*** Dataset content ***
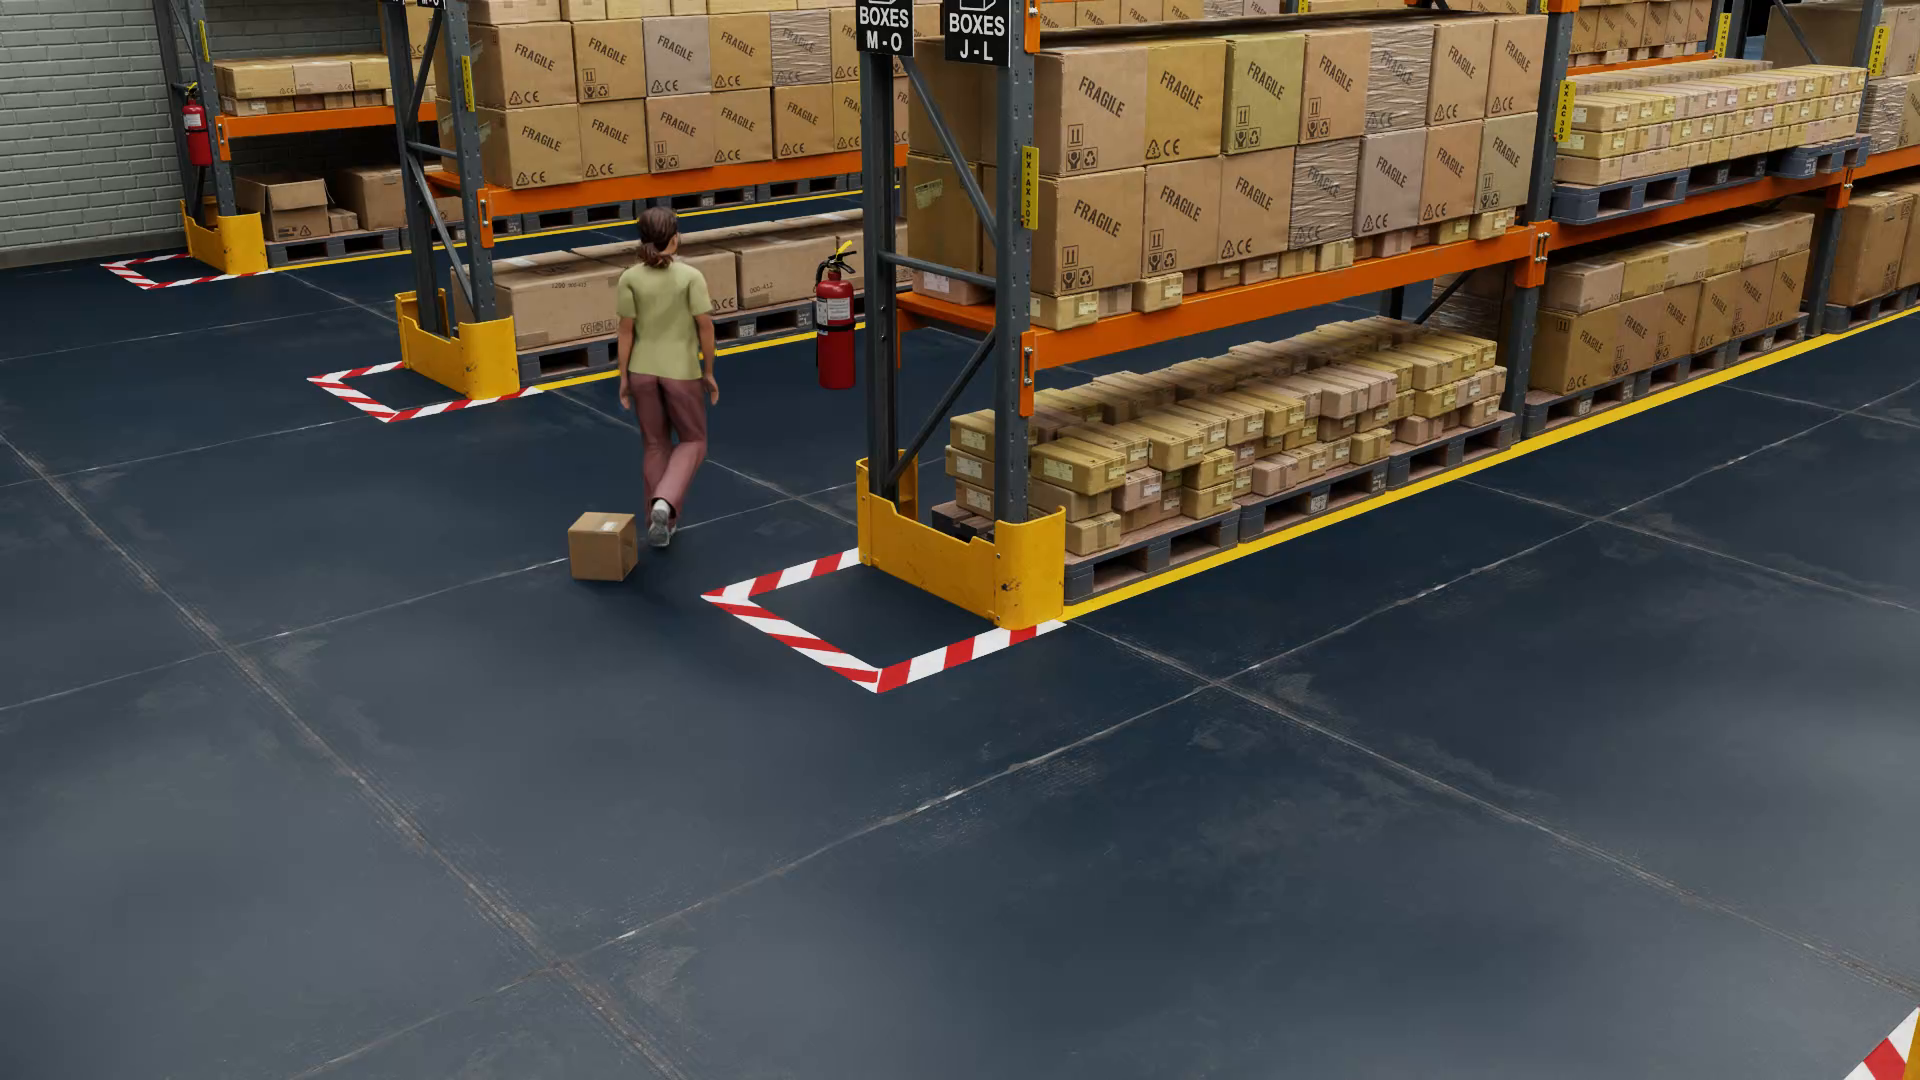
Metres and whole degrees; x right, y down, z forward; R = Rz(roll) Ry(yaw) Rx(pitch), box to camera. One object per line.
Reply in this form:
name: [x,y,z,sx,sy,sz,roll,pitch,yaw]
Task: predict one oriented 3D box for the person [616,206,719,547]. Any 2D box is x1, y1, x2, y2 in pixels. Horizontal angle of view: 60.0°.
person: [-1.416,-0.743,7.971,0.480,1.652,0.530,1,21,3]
***
*** Dataset content ***
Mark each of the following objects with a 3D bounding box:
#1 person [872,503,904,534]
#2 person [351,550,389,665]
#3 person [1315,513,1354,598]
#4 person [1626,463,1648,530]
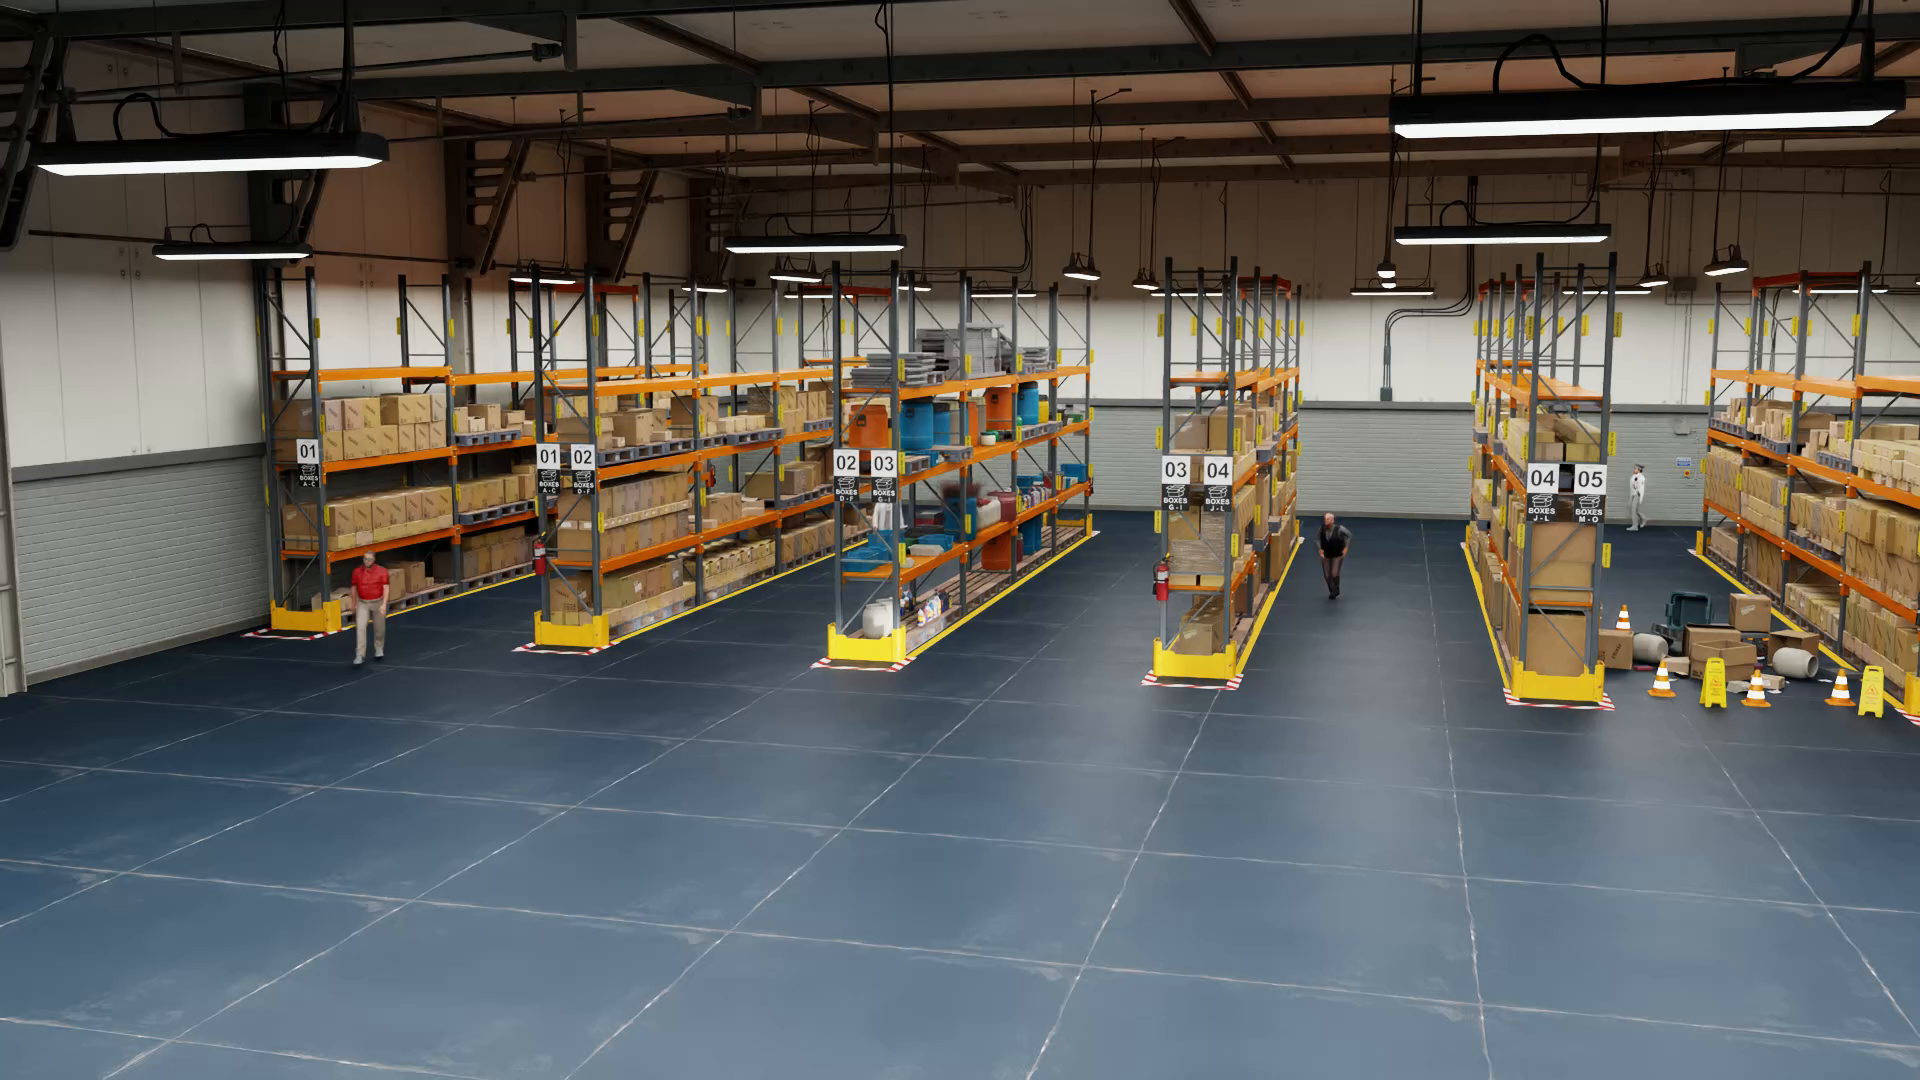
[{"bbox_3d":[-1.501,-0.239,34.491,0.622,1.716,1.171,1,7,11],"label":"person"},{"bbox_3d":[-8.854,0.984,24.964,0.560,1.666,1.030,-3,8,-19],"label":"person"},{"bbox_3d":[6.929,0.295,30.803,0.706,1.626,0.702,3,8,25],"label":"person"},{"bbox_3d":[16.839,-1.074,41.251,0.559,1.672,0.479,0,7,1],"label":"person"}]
***
**Task**
Where the string "pitch" occurs in the data, return the whole line.

**Exercise solution**
Metres and whole degrees; x right, y down, z forward; R = Rz(roll) Ry(yaw) Rx(pitch), box to camera. One object per line.
name: [x,y,z,sx,sy,sz,roll,pitch,yaw]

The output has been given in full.